8 and 16 0 kDa presumably represent VP11–145 fragments since they

8 and 16.0 kDa presumably represent VP11–145 fragments since they closely match the predicted mass and differ by about the same mass (0.2 kDa) as both VP1 peaks. The peak at 18.8 kDa closest matches fragments VP21–167. This complete cleavage OSI-744 after VP1 residue 145 and partial cleavage after VP2 residue 167 is further confirmed by the

presence of peaks at 34.7 and 40.4 kDa that can be explained by the presence of a disulfide bond between part of the VP1 and VP2 molecules. The peaks at 5239 and 6193 Da match closely with fragments VP1155–200 and VP1146–200, respectively. Furthermore, this interpretation is consistent with the previously observed cleavage after VP1 residue 145 and suggests partial cleavage after VP1 residue 154. Two further peaks at 5267 and 6221 Da differ by 28 Da from these two peaks, suggesting that they represent variants of these fragments. Although the peaks of low height at 5447 and 6395 Da match closest to fragments VP1158–204 (5460 Da) and VP1110–169 (6392 Da), respectively, this interpretation is not consistent with VP1 cleavages occurring after residues 145 and 200. Since these Afatinib peaks differ by about the same mass (208 and 202 Da, respectively) from the peaks at 5239 and 6193 Da and have the same relative height as these peaks, it is more likely that

they represent another variant of these fragments. The closest matching fragments of the peaks at 5039 and 5993 Da (see Table 1) are not consistent with cleavages occurring after VP1 residues 145 and 154. As a result the identity of these peaks is uncertain.

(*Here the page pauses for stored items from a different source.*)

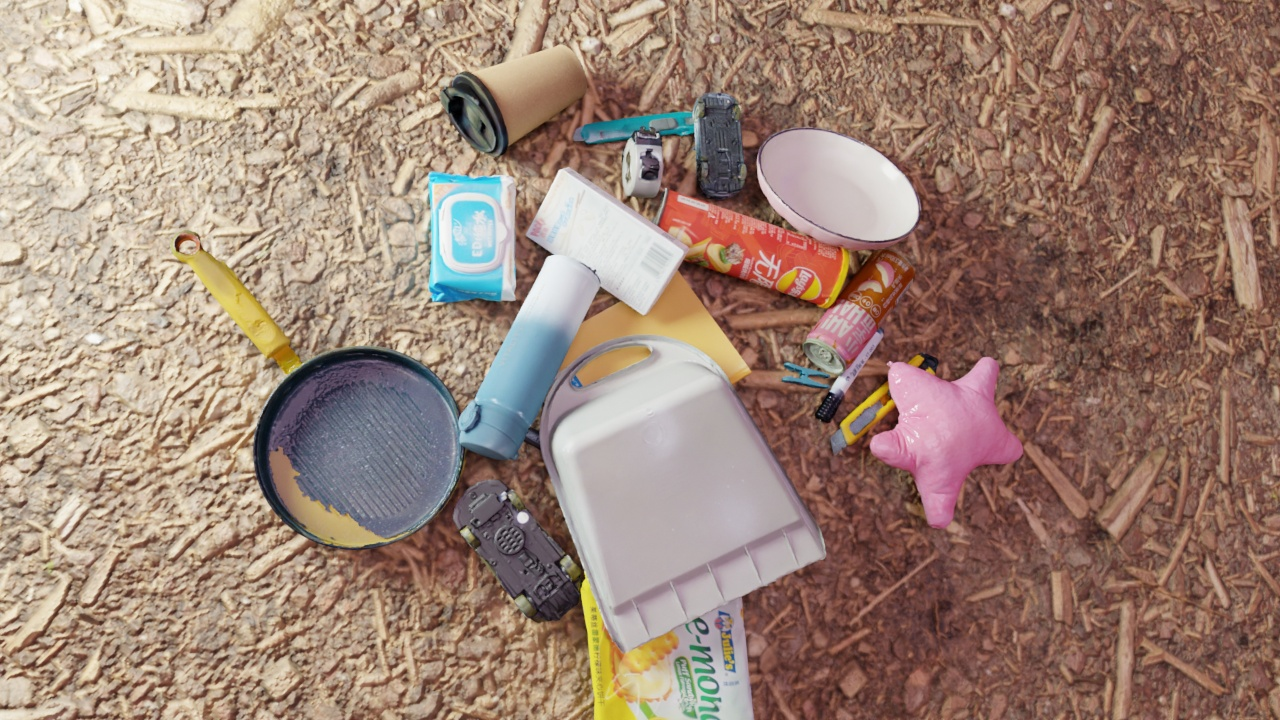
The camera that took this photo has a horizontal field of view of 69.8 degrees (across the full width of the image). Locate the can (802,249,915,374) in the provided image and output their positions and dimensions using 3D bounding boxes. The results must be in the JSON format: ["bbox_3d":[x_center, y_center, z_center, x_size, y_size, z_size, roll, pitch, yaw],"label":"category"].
[{"bbox_3d":[0.244,-0.056,1.022,0.058,0.058,0.147,40,74,-1],"label":"can"}]

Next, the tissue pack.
[{"bbox_3d":[-0.174,-0.127,0.951,0.090,0.063,0.140,0,79,-11],"label":"tissue pack"}]

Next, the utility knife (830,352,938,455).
[{"bbox_3d":[0.274,0.048,1.028,0.173,0.015,0.033,-39,85,-16],"label":"utility knife"}]

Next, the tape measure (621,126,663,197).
[{"bbox_3d":[0.002,-0.212,1.002,0.033,0.066,0.066,0,77,-14],"label":"tape measure"}]

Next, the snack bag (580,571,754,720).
[{"bbox_3d":[0.025,0.310,0.898,0.158,0.068,0.246,-3,79,-11],"label":"snack bag"}]

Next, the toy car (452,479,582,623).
[{"bbox_3d":[-0.121,0.187,0.908,0.070,0.042,0.158,-38,89,-16],"label":"toy car"}]

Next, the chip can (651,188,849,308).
[{"bbox_3d":[0.117,-0.122,1.003,0.216,0.073,0.073,18,76,-8],"label":"chip can"}]

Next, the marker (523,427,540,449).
[{"bbox_3d":[-0.094,0.088,0.948,0.124,0.015,0.018,29,71,-3],"label":"marker"}]

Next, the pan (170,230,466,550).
[{"bbox_3d":[-0.321,0.022,0.884,0.197,0.078,0.357,-41,89,-16],"label":"pan"}]

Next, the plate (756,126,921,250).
[{"bbox_3d":[0.217,-0.186,1.026,0.192,0.039,0.192,9,49,-11],"label":"plate"}]

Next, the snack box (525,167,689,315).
[{"bbox_3d":[-0.036,-0.125,0.965,0.157,0.026,0.085,35,114,4],"label":"snack box"}]

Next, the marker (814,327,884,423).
[{"bbox_3d":[0.235,0.015,1.028,0.022,0.018,0.130,45,73,-26],"label":"marker"}]

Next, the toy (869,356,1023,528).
[{"bbox_3d":[0.334,0.066,1.006,0.194,0.075,0.178,-38,93,-19],"label":"toy"}]

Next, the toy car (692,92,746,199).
[{"bbox_3d":[0.088,-0.243,1.039,0.054,0.037,0.120,-1,83,-14],"label":"toy car"}]

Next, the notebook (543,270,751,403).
[{"bbox_3d":[-0.006,0.006,0.969,0.206,0.010,0.146,-31,73,-16],"label":"notebook"}]

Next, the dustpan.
[{"bbox_3d":[0.020,0.105,0.909,0.222,0.142,0.258,-24,99,-6],"label":"dustpan"}]

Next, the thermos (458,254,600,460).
[{"bbox_3d":[-0.111,-0.003,0.922,0.070,0.070,0.220,27,66,-5],"label":"thermos"}]

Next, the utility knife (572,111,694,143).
[{"bbox_3d":[0.001,-0.263,1.040,0.160,0.013,0.029,-11,81,-13],"label":"utility knife"}]

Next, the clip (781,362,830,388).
[{"bbox_3d":[0.184,0.019,1.018,0.057,0.014,0.046,11,75,-8],"label":"clip"}]

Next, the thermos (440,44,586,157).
[{"bbox_3d":[-0.132,-0.283,0.983,0.143,0.093,0.093,-35,87,-23],"label":"thermos"}]

We next analysed the proteolytic stability of FMDV O1 Manisa antigen by SELDI-TOF-MS in an accelerated stability study by incubation of the antigen at 35 °C for 2 weeks. The height of the VP1 peaks gradually decreased during this

2-week Oxygenase incubation period whereas the height of the VP2 peak remained constant (Fig. 4a–d). Two peaks of low height at about 22.2 and 22.4 kDa appear upon prolonged incubation at 35 °C (Fig. 4a–d), which could represent VP1 degradation products. Further degradation products were not observed. Incubation of the antigen at 4 °C for 2 weeks did not reveal such VP1 degradation (cf. Fig. 4a and e). We next analysed FMDV O1 Manisa antigen after addition of the adjuvant, a double oil emulsion, by SELDI-TOF-MS using immunocapture with the VP1 specific VHH M8. The relative height of the VP4 peak as compared to the VP2 or VP1–VP2 dimer peak did not vary before or after emulsification (cf. Fig. 5a and b). The ratio between the VP4 and VP2 peak height is 70/7.9 (8.9) before emulsification and 30/3.6 (8.4) after emulsification. This indicates that equal amounts of VP4 remained associated with FMDV virions after emulsification. The heights of the spectral peaks representing VP1, VP2, VP4 and VP1–VP2 dimers in DOE vaccine (Fig. 5b) were somewhat reduced as compared to the profiles obtained with the antigen before emulsification (Fig. 5a).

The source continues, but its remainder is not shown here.